Cooked books, insider trading, dangerous faulty products in the supply chain. Many of these abuses that regulators attempt to police are only possible because of a lack of immutability, transparency, and traceability. Transparency, immutability, and traceability are powerful incentives for good behavior and can have huge benefits for investors, consumers, and businesses and save $Billions.

Privacy

The promise of users owning and controlling their own data will enable user-controlled levels of privacy, which is an option not available for users of Web 2.0. In applications where Blockchain is employed, Blockchain’s immutability and transparency would seem to be at odds with privacy but there are ways to design Blockchain systems that comply with privacy standards like GDPR. Especially if users are the ones owning their data and are sharing it via smart contracts for specific uses that they control.

Tim Berners-Lee, who brought us the World Wide Web and the concept of the Semantic Web has a new project addressing data privacy, ownership, and security. Solid is a specification that lets people store their data securely in decentralized data stores called Pods. Pods are like secure personal web servers for data. When data is stored in someone's Pod, they control which people and applications can access it. Solid does not use Blockchain but it can interact with and use blockchain initiatives. Solid technology is seeing some traction. The Government of Flanders announced that it is working on giving every citizen a Solid Pod.

Web 3.0 technologies have the potential to enable users to have both privacy and personalization. That would mean users no longer have to trade privacy for personalization. Good news for users, potentially bad news for companies whose business model depends on selling users’ data.

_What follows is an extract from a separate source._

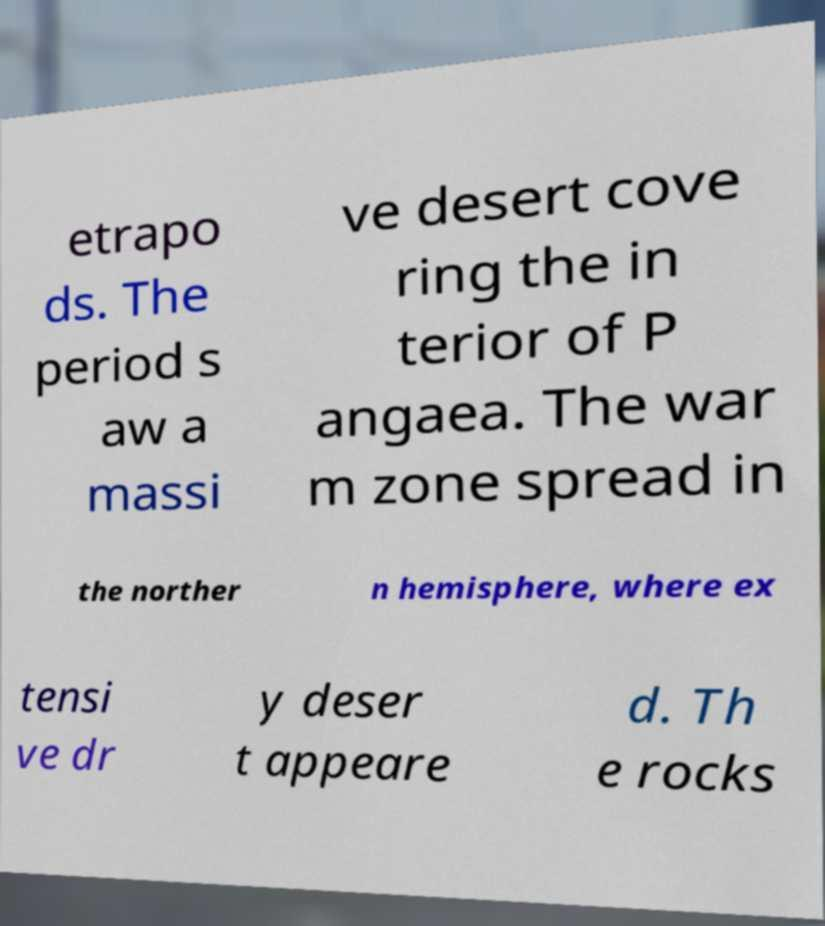Can you read and provide the text displayed in the image?This photo seems to have some interesting text. Can you extract and type it out for me? etrapo ds. The period s aw a massi ve desert cove ring the in terior of P angaea. The war m zone spread in the norther n hemisphere, where ex tensi ve dr y deser t appeare d. Th e rocks

Prepare for Historic Levels of Disruption

It’s not hard to find posts gushing over the imminent digital utopia that Web 3.0 will usher in. A democratic, decentralized web where the power is in the hands of the users. Certainly, there is the potential for unprecedented benefits for users. Businesses that can adapt to the new paradigm and take advantage of the new opportunities will also see huge benefits.

However, just a cursory reading of history or even a look back at Web 2.0 will tell you that with disruptive change comes unknowable, unforeseeable, and unintended consequences. The bigger the disruption, the bigger the consequences. It’s impossible to predict what the full impact of Web 3.0 will be. But it has the potential to cause major disruptions to our financial, commercial, social, and political systems. That’s a very complex ecosystem. When you start moving the puzzle pieces around it’s impossible to say what the knock-on effects — good or bad — will be. Think back at how Web 2.0 completely transformed our world — social media, mobile apps, cloud computing, machine learning, and big data — and now imagine exponentially bigger change at a much faster pace.

The pandemic proved that businesses could be incredibly agile and could affect dramatic change virtually overnight. Those skills will be critical as we transition to Web 3.0. You should prepare for the trends that can be reasonably anticipated but you must also prepare to be able to respond rapidly to large changes that can not be predicted.